JIRA: https://issues.apache.org/jira/browse/SPARK-2282 This issue is caused by a buildup of sockets in the TIME_WAIT stage of TCP, which is a stage that lasts for some period of time after the communication closes. This solution simply allows us to reuse sockets that are in TIME_WAIT, to avoid issues with the buildup of the rapid creation of these sockets. Author: Aaron Davidson <aaron@databricks.com> Closes #1220 from aarondav/SPARK-2282 and squashes the following commits: 2e5cab3 [Aaron Davidson] SPARK-2282: Reuse PySpark Accumulator sockets to avoid crashing Spark (cherry picked from commit 97a0bfe1c0261384f09d53f9350de52fb6446d59) Signed-off-by: Patrick Wendell <pwendell@gmail.com>
author: Aaron Davidson <aaron@databricks.com> 2014-07-03 23:02:36 -0700
committer: Patrick Wendell <pwendell@gmail.com> 2014-07-03 23:02:47 -0700
commit: 313f202e27878bb9a1ec425defd248203bc73c5f (patch)

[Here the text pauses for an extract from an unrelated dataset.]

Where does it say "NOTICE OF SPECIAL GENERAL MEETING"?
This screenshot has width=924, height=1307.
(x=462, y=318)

tree: 4e8312fa6fd0a547cb34de43f4c6578c2df2488d /core
parent: cf1d46e46518c818d20f07cdaabbd8069d877ca8 (diff)
download: spark-313f202e27878bb9a1ec425defd248203bc73c5f.tar.gz
spark-313f202e27878bb9a1ec425defd248203bc73c5f.tar.bz2
spark-313f202e27878bb9a1ec425defd248203bc73c5f.zip
1 files changed, 2 insertions, 0 deletions
diff --git a/core/src/main/scala/org/apache/spark/api/python/PythonRDD.scala b/core/src/main/scala/org/apache/spark/api/python/PythonRDD.scala
index 57b28b9972..0217a58e08 100644
--- a/core/src/main/scala/org/apache/spark/api/python/PythonRDD.scala
+++ b/core/src/main/scala/org/apache/spark/api/python/PythonRDD.scala
@@ -402,6 +402,8 @@ private class PythonAccumulatorParam(@transient serverHost: String, serverPort:
     } else {
       // This happens on the master, where we pass the updates to Python through a socket
       val socket = new Socket(serverHost, serverPort)

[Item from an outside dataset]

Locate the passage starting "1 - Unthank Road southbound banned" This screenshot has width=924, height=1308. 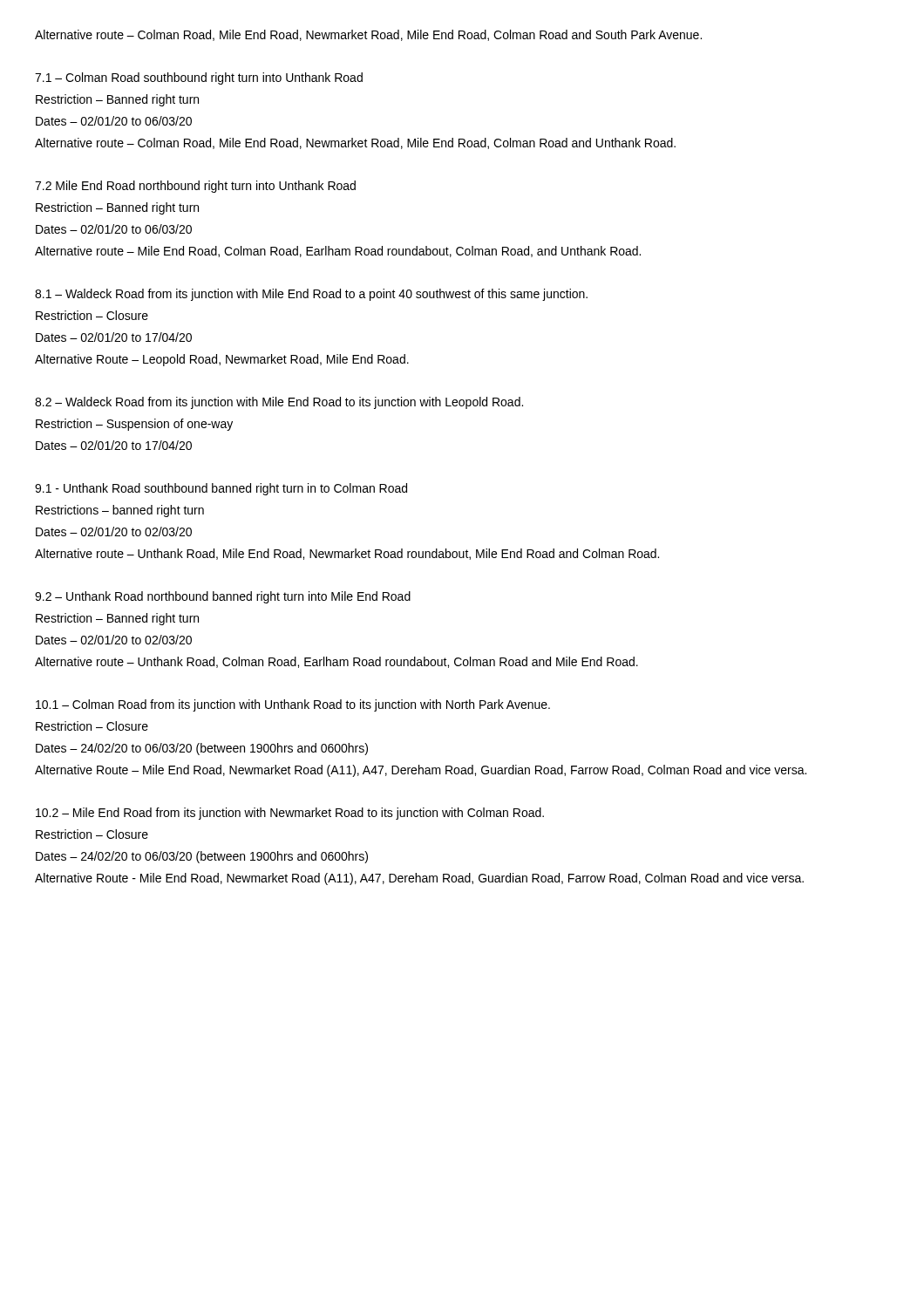(x=221, y=489)

+      // SPARK-2282: Immediately reuse closed sockets because we create one per task.
+      socket.setReuseAddress(true)
       val in = socket.getInputStream
       val out = new DataOutputStream(new BufferedOutputStream(socket.getOutputStream, bufferSize))
       out.writeInt(val2.size)
author	Aaron Davidson <aaron@databricks.com>	2014-07-03 23:02:36 -0700
committer	Patrick Wendell <pwendell@gmail.com>	2014-07-03 23:02:47 -0700
commit	313f202e27878bb9a1ec425defd248203bc73c5f (patch)
tree	4e8312fa6fd0a547cb34de43f4c6578c2df2488d /core
parent	cf1d46e46518c818d20f07cdaabbd8069d877ca8 (diff)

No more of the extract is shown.